What will we see in our children, our grandchildren, or even our great-grandchildren should we live so long? Will we see the stories of our own lives being played and replayed? Will we see pictures that will bring memories back to us that we didn’t know we carried (and we carried them down through the years)?  We may look at our own parents, grandparents, and again, if we are so fortunate, our great-grandparents and wonder how much we know these people who are the very reason we are here at all and continuing to bring others into the story. (In only 3 generations, 104 people are involved.) 

“Would you like to hear a story?” Life seems to demand that we look at our own lives again and again. “Teach us to care, and not to care. Teach us to sit still.” -T.S. Eliot.

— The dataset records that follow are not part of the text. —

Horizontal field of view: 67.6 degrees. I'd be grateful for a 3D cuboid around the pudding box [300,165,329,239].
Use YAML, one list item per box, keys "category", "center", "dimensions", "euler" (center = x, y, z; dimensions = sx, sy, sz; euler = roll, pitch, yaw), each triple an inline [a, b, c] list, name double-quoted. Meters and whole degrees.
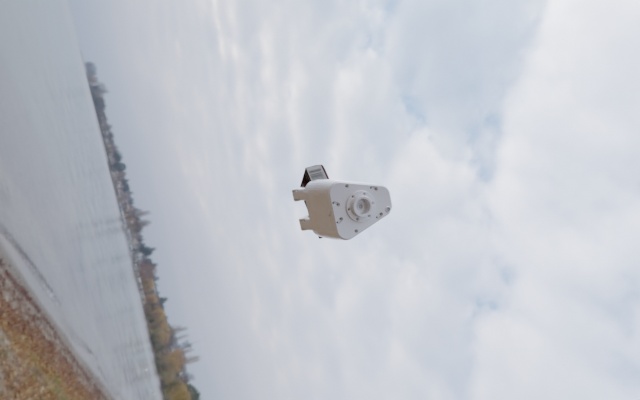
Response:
- category: "pudding box"
  center: [0.000, 0.003, 0.888]
  dimensions: [0.039, 0.113, 0.090]
  euler: [-14, -22, -18]
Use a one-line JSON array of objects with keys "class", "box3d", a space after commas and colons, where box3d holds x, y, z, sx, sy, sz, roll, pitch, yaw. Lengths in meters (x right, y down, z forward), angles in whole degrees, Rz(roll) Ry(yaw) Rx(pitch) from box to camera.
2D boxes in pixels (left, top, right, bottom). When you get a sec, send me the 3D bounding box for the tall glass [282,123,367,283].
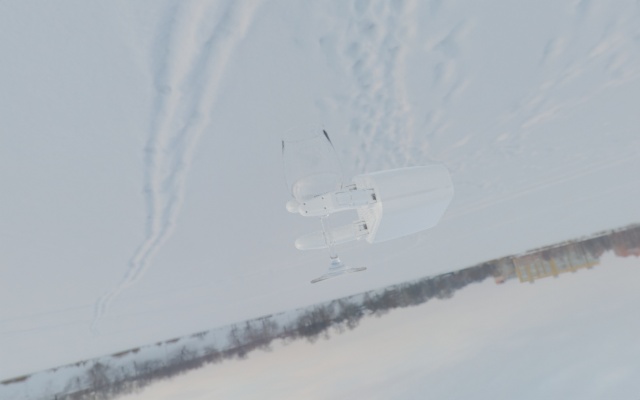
[{"class": "tall glass", "box3d": [0.000, 0.003, 0.629, 0.079, 0.201, 0.079, -14, -12, -3]}]
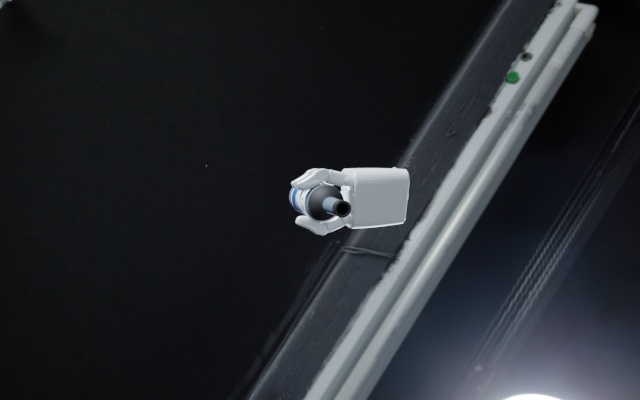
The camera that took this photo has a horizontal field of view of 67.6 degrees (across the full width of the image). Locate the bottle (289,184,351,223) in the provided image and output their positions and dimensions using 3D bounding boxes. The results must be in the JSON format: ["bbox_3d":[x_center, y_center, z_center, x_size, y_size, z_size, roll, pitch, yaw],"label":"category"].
[{"bbox_3d":[0.000,0.003,0.870,0.069,0.069,0.295,0,4,-13],"label":"bottle"}]
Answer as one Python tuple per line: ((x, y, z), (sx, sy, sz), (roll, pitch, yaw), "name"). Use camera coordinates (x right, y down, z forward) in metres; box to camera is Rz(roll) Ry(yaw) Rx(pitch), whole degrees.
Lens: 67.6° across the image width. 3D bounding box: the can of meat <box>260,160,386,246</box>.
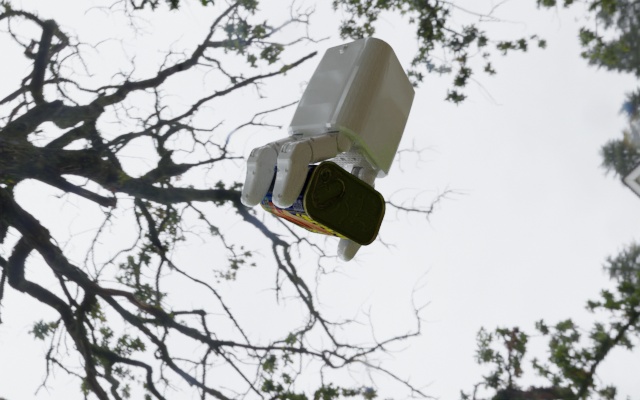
((0.000, 0.002, 0.479), (0.102, 0.057, 0.084), (29, -15, -38), "can of meat")
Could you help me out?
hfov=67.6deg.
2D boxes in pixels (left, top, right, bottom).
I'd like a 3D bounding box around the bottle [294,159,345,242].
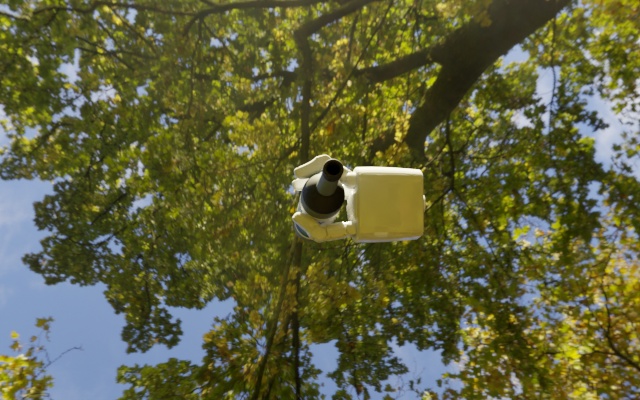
[{"bbox_3d":[0.000,0.003,0.758,0.069,0.069,0.296,0,-17,-7],"label":"bottle"}]
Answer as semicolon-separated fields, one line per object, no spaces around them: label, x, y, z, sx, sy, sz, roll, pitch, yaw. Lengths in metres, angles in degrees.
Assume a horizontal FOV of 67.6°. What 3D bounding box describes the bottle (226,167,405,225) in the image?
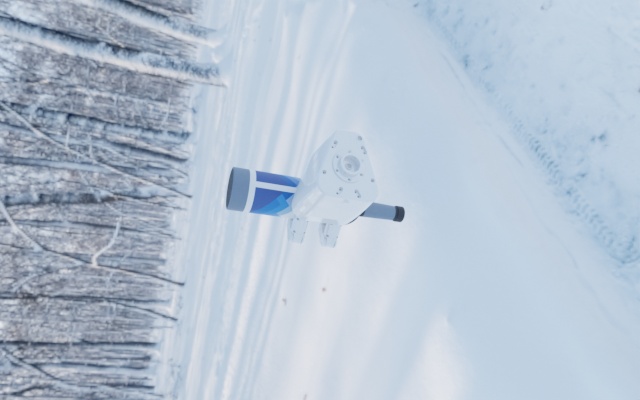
bottle;0.000;0.003;0.773;0.296;0.069;0.069;9;-3;-18
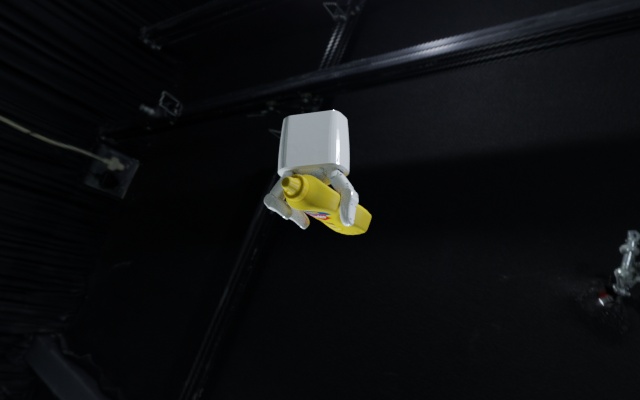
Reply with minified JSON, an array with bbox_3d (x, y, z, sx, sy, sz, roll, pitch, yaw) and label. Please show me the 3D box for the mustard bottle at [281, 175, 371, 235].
[{"bbox_3d":[0.000,0.003,0.784,0.096,0.058,0.192,16,-10,38],"label":"mustard bottle"}]
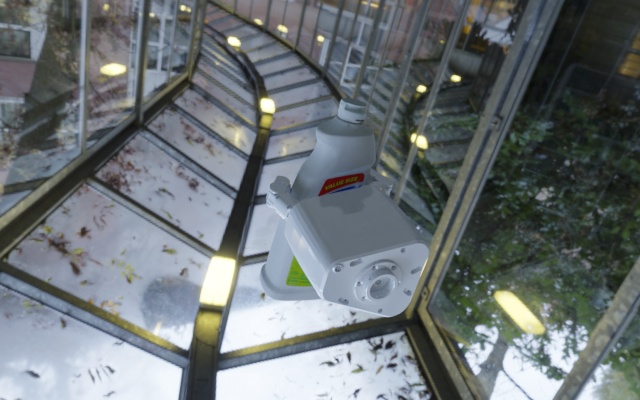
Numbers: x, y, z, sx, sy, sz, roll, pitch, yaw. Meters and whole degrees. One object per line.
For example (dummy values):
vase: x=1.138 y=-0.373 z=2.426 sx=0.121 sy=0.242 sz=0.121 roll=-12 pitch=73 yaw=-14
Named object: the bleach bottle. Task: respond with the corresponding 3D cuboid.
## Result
bleach bottle: x=0.000 y=0.002 z=0.569 sx=0.102 sy=0.251 sz=0.068 roll=3 pitch=28 yaw=-24
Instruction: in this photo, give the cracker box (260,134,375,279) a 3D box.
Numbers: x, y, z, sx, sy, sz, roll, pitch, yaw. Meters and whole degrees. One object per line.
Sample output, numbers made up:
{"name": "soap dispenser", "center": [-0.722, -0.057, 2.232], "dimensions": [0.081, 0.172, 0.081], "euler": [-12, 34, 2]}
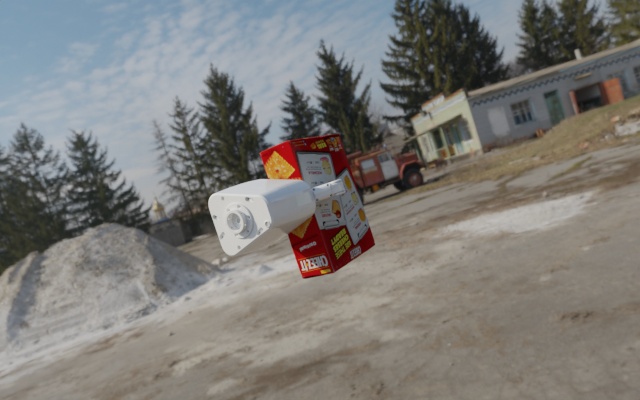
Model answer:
{"name": "cracker box", "center": [0.000, 0.002, 0.803], "dimensions": [0.072, 0.213, 0.164], "euler": [-17, 2, 32]}
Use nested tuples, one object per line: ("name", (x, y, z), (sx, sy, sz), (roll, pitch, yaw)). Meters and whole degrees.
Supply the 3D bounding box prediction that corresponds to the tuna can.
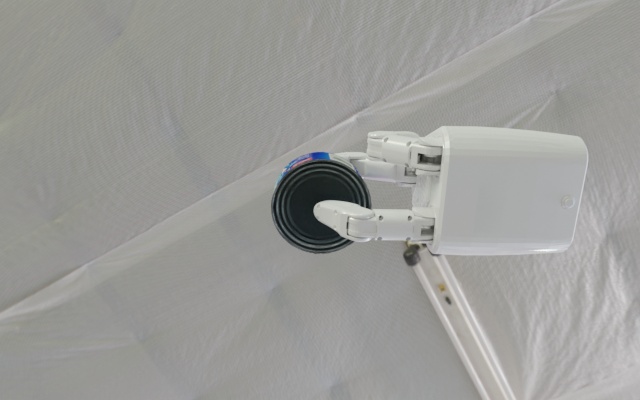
("tuna can", (0.000, 0.001, 0.421), (0.086, 0.086, 0.033), (0, 19, -3))
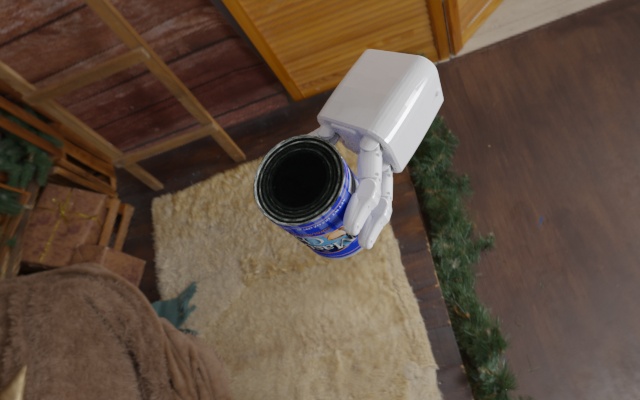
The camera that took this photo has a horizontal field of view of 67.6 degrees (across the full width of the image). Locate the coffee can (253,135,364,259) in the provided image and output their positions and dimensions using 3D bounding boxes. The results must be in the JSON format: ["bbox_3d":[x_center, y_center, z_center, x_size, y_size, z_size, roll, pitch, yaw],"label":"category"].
[{"bbox_3d":[0.000,0.002,0.552,0.103,0.102,0.140,0,-20,21],"label":"coffee can"}]
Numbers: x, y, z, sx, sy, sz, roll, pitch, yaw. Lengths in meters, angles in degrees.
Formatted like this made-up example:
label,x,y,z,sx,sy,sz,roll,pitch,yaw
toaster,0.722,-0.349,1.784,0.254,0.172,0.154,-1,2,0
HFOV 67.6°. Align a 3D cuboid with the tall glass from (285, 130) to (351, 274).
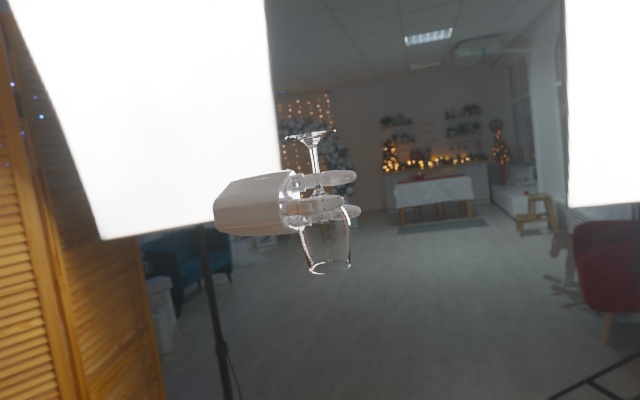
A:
label,x,y,z,sx,sy,sz,roll,pitch,yaw
tall glass,0.000,0.002,0.697,0.079,0.201,0.079,-9,6,1
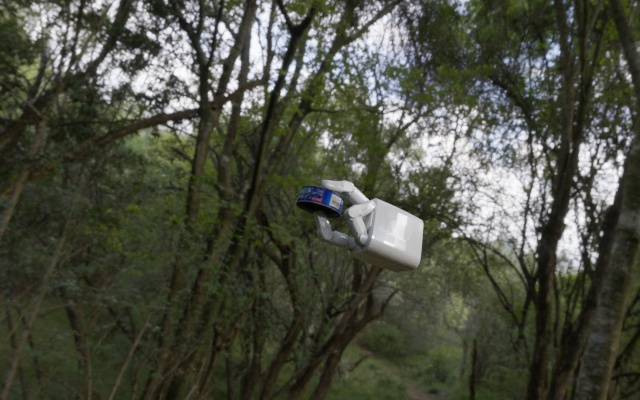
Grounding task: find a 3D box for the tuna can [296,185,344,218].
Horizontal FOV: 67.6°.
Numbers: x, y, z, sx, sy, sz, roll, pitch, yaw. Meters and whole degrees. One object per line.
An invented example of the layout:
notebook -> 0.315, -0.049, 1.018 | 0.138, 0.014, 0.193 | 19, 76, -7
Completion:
tuna can -> 0.000, 0.002, 0.888 | 0.086, 0.033, 0.086 | 15, -15, 4
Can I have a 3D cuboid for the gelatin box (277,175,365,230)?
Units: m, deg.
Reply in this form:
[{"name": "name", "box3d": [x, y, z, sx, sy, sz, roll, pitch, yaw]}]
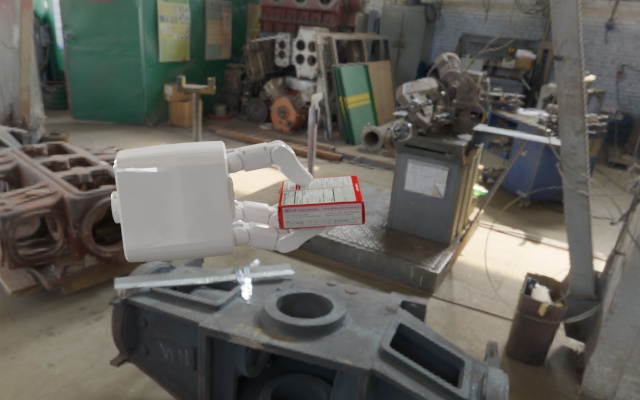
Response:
[{"name": "gelatin box", "box3d": [0.000, 0.001, 0.514, 0.089, 0.030, 0.073, -4, 24, 0]}]
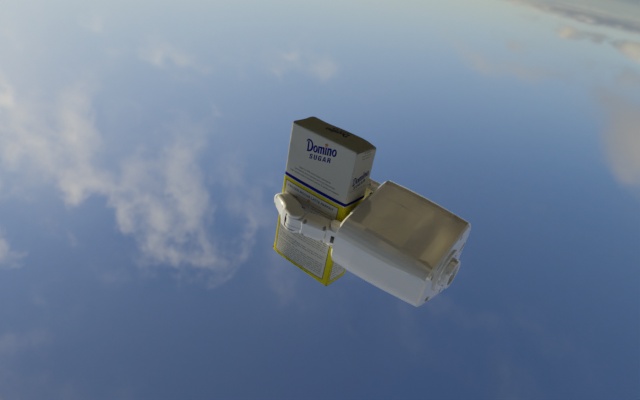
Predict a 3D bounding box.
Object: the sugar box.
[{"bbox_3d":[0.001,0.002,0.555,0.093,0.176,0.048,30,32,28],"label":"sugar box"}]
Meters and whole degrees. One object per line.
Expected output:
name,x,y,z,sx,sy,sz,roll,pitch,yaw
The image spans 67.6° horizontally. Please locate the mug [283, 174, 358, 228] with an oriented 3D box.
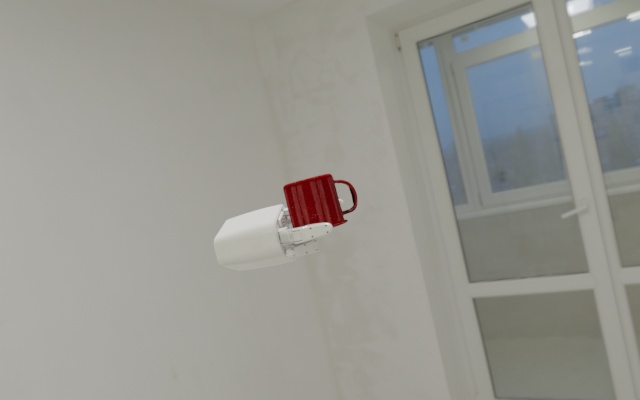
mug,0.001,0.002,0.757,0.117,0.081,0.093,-14,2,7
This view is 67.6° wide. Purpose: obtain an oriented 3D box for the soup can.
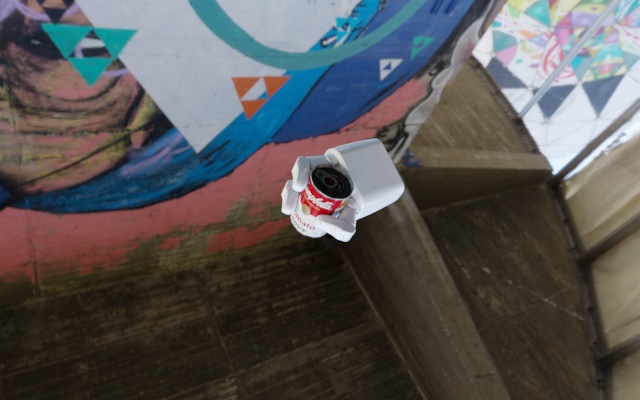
[{"bbox_3d":[0.000,0.003,0.735,0.068,0.068,0.102,0,-38,-26],"label":"soup can"}]
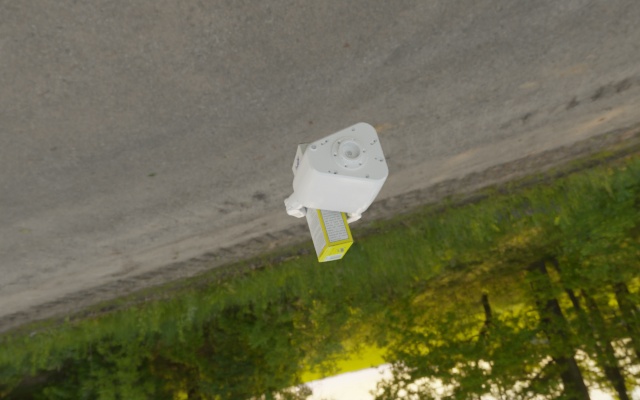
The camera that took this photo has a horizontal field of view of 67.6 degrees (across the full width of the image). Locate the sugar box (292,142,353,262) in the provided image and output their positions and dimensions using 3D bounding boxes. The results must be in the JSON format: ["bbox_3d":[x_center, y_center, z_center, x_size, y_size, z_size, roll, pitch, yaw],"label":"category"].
[{"bbox_3d":[0.001,0.002,0.767,0.048,0.176,0.093,-9,-20,-14],"label":"sugar box"}]
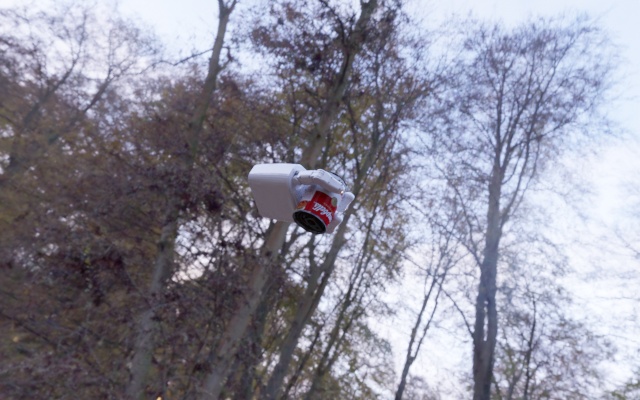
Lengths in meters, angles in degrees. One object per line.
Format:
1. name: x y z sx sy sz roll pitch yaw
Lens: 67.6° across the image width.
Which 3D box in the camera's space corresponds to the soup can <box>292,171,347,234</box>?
1. soup can: 0.001 0.003 0.890 0.068 0.102 0.069 20 -32 13
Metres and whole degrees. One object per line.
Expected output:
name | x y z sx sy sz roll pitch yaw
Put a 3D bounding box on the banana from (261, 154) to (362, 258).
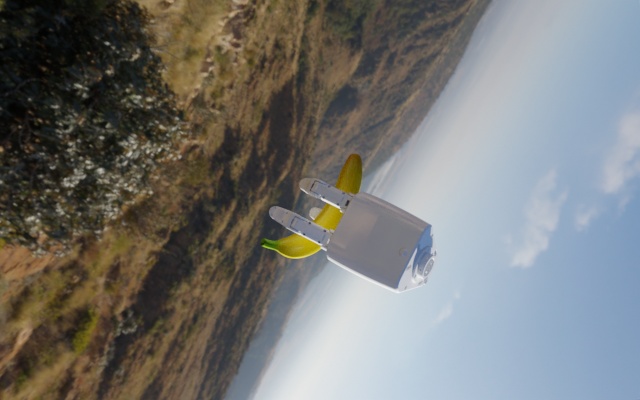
banana | 0.007 0.018 0.682 0.197 0.070 0.037 -45 31 -20

We have our dreams and agendas. We keep trying to understand our teachers, because everyone has mentors and teachers. Who taught us how to read? To write? To add, subtract, multiply, divide? Fractions are in there too. Who taught us that x = y but not always? Who taught us to ride a bicycle, to swim, to drive, to dance? Who told us jokes? Who told lies? Who read to us? Sang to us? Who baked us a birthday cake and made sure the right amount of candles were planted on top? Who made sure the candles were lit and blown out before too much wax got on the frosting?

It’s been 61-1/2 years for me.  My deepest wish now?  To do more than teach you to bow to the moon and the life streaming all around you.

My deepest wish is to wake up.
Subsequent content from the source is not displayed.